Iman Elagazy said Zakaria, who delivered her second child, was “like a father to me.” She described him as “loving and caring” and always willing to help out.
Zakaria’s nephew also spoke, calling his uncle “all heart.” He spoke of his uncle’s “helpful nature and unconditional love” saying that Zakaria is “just a very loving man.”
His sister-in-law, Celine Oweiss, called Zakaria a “dedicated family man” whose “love and protection of his two sons had no boundaries.”
The same could not be said about Zakaria’s treatment of his wife, according to the state’s documents on the motion for modification, which illustrated Zakaria’s violent side.
In a trip to Egypt, shortly before Marianne’s murder, Zakaria became convinced his wife was having an affair with a mutual friend. At the apartment building where he and Marianne were staying, Zakaria beat his wife until she was bleeding around the mouth and her eyes were blackened, according to the document.
A week later, she returned home. The day after that, she was dead.
On Aug. 15, 2001, Omar Oweiss was sleeping at home when he heard his mother screaming for help. When he ran down to the basement, he found his mother face down in a frog-like position in a pool of blood.
Omar heard footsteps, and when he followed the noise outside, he saw his father at the top of the driveway, holding a rubber mallet. He told Omar not to call the police saying, “No, wait. I’m going to get rid of it in the creek,” regarding the mallet.
During a two-week trial in 2003, the state presented what the judge called overwhelming evidence of Zakaria’s guilt. Not just his son’s eyewitness account, but blood on Zakaria’s glasses, wedding ring and clothing, and blood-spatter patterns consistent with Zakaria being the perpetrator.
That did not stop Zakaria’s defense team from pointing the finger at Omar and claiming he was the killer.
That tactic, and the fact that Oweiss never admitted any culpability, has turned the family against Omar, according to documents.
Omar was not at the hearing, but the prosecutor read some of his words in the courtroom. Omar, she said, had not just lost his mother, but his whole family.
“Because of this defense, I have been shunned by the Egyptian part of my family,” Fenton said Omar had written. “I’ve been exiled through these lies.”

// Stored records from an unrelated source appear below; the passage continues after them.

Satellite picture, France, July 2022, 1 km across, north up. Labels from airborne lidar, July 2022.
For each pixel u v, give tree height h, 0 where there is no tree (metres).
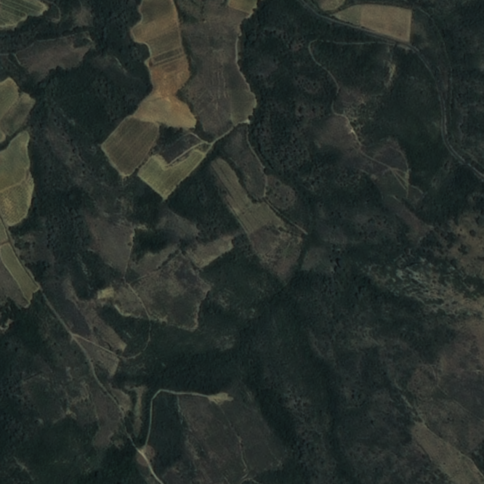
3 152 0
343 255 7
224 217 9
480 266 0
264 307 9
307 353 7
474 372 0
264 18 6
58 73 7
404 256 6
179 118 0
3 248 0
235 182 0
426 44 0
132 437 8
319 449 6
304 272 7
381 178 0
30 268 5
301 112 12
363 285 8
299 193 7
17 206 0
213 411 0
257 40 7
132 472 8
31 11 0
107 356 0
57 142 0
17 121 0
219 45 0
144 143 0
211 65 0
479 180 7
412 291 0
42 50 0
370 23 0
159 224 0
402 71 5
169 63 0
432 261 6
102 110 5
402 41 0
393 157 0
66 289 0
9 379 9
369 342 0
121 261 0
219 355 8
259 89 9
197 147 0
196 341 0
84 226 12
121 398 0
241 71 7
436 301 0
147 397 6
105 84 8
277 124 5
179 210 6
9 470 6
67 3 6
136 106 7
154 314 0
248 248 9
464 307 0
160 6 0
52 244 8
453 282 0
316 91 9
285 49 8
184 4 0
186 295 0
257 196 0
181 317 0
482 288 0
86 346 0
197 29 0
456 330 0
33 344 7
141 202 10
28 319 6
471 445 0
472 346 0
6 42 10
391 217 0
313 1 7
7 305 9
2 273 0
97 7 6
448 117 6
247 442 0
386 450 0
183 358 9
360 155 0
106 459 8
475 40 0
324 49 6
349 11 0
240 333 7
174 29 0
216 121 0
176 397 7
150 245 7
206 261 0
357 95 0
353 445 0
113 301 0
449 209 6
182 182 8
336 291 9
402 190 0
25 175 0
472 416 0
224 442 0
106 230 0
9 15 0
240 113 0
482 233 0
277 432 7
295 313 6
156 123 0
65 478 8
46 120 5
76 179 0
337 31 7
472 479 0
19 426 9
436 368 0
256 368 10
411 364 0
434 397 0
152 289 0
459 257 0
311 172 10
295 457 13
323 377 6
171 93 0
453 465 0
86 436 6
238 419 0
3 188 0
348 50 6
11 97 0
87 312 0
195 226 0
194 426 0
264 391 9
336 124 0
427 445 0
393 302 7
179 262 0
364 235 7
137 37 0
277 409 8
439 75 10
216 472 0
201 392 7
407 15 0
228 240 0
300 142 11
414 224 0
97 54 8
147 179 0
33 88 10
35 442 5
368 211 0
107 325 0
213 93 0
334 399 5
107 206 0
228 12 0
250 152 0
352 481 6
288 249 0
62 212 7
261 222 0
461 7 6
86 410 0
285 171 7
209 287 0
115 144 0
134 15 7
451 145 6
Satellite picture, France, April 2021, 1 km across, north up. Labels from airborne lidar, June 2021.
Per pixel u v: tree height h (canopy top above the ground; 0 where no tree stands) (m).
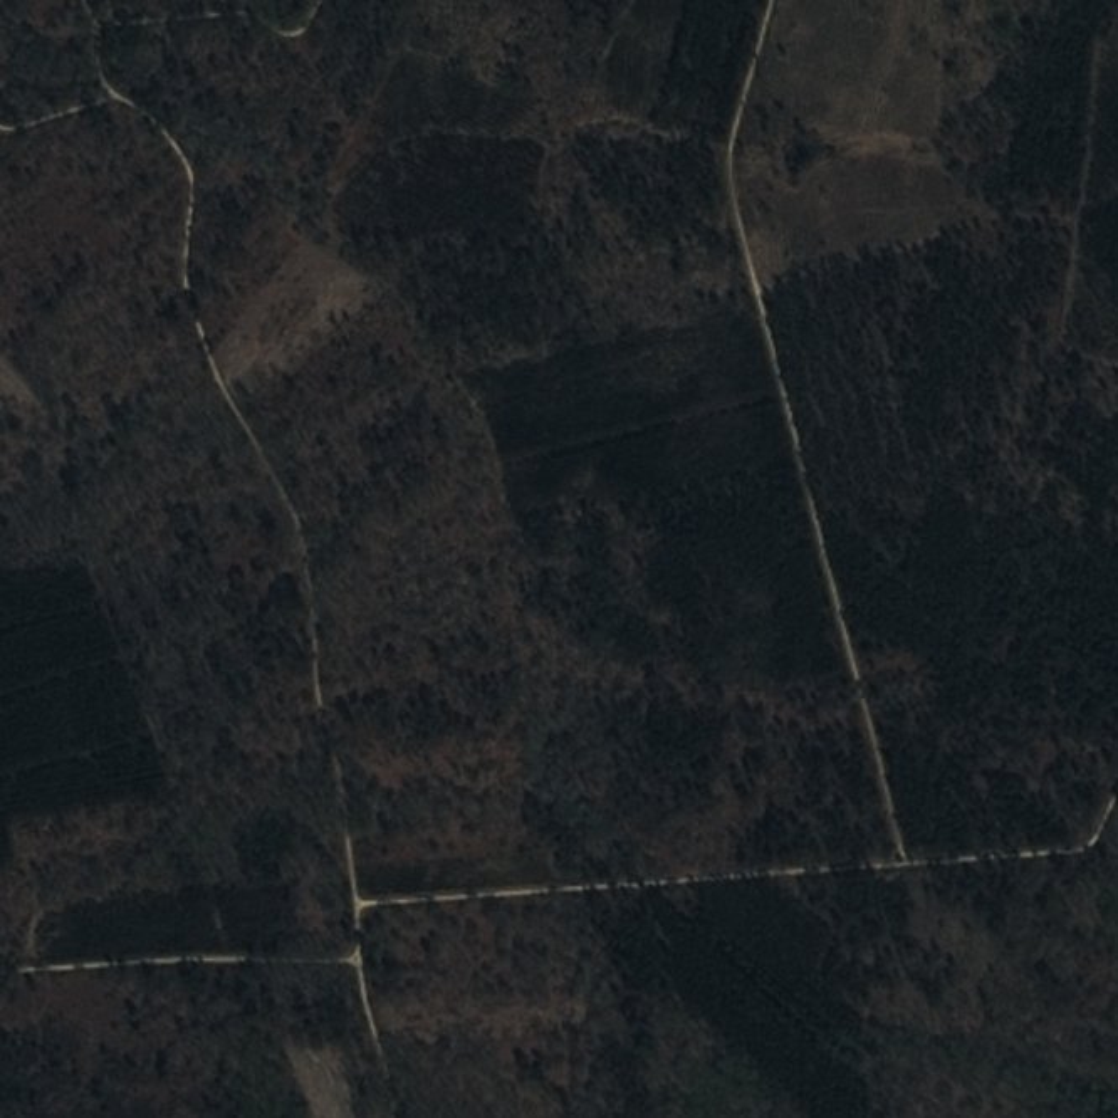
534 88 14
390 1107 18
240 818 19
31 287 7
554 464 9
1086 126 12
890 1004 12
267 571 15
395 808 21
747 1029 16
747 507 13
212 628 15
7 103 13
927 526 13
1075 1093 21
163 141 16
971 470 15
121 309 13
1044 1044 13
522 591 12
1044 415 10
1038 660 15
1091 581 15
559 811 10
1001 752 14
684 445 8
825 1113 16
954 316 15
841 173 0
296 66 12
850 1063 12
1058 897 17
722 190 18
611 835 11
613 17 13
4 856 14
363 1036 14
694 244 14
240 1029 17
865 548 16
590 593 17
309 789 15
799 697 12
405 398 9
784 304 14
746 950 13
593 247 17
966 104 10
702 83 15
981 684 14
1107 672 17
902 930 15
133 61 14
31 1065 7
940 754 16
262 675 20
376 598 14
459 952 13
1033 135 13
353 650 15
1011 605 15
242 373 0
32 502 14
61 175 10
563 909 9
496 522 12
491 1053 17
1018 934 8
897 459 17
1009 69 13
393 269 23
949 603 17
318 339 14
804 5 0
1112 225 10
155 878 16
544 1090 15
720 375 6
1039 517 13
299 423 11
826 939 15
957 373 15
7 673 14
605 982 9
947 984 16
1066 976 12
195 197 12
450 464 12
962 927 9
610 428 7
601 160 18
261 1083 15
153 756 14
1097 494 15
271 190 17
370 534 18
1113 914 22
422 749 9
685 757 15
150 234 17
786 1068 15
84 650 15
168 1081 16
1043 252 12
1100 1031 9
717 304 17
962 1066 12
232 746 22
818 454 15
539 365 6
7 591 14
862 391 15
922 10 0
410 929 13
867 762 15
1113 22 15
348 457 15
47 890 18
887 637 14
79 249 6
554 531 21
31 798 13
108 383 15
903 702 11
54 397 15
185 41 15
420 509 15
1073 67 13
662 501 13
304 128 18
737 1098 17
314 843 18
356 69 8
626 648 16
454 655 9
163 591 16
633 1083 17
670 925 16
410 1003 12
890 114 0
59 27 22
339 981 15
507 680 14
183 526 22
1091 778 11
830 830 14
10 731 16
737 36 15
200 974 12
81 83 14
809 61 0
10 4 12
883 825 16
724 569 14
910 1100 14
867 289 14
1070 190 16
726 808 12
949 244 14
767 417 8
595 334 14
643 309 13
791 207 0
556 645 9
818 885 16
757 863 9
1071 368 14
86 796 13
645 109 0
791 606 13
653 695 12
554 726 17
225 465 22
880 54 0
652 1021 14
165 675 12
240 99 10
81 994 0
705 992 16
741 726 14
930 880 11
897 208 0
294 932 9
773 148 8
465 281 16
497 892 0
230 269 6
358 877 0
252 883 18
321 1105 0
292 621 7
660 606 15
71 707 14
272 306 0
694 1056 13
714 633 17
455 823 8
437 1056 16
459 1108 19
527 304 14
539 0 21
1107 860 19
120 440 13
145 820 12
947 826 17
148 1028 9
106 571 10
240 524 20
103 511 14
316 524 17
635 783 11
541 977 18
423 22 13
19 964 14
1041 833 13
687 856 10
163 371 12
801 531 7

In 2003, right before he went on trial, Zakaria tried to sue the estate of Marianne, claiming she had embezzled from him. He sought $900,000 in reimbursement. A judge threw out the lawsuit.
Once convicted, Zakaria was no longer an eligible beneficiary to his slain wife’s estate.
When Zakaria finally spoke at the hearing, he, just like his supporters before him, made no mention of Marianne by name and no acknowledgment of guilt. The closest he came was a blanket apology for all the errors he had made in life.
“I regret all the mistakes I did. I am not denying anything, if I was involved,” Zakaria said.
He also claimed he was attacked that April morning and that he had heard someone threaten to kill him and his children. “This is God’s truth — I don’t know what happened,” he said.
The prosecutor showed no such confusion. She reminded the judge that Zakaria has never accepted responsibility and that the real victim is Marianne.
“She never got to say goodbye, She never saw her sons marry,” Fenton said. “She’ll never see her grandchildren.”
The original version of this story misstated the date of Marianne Oweiss’ death. It was Aug. 15, 2001.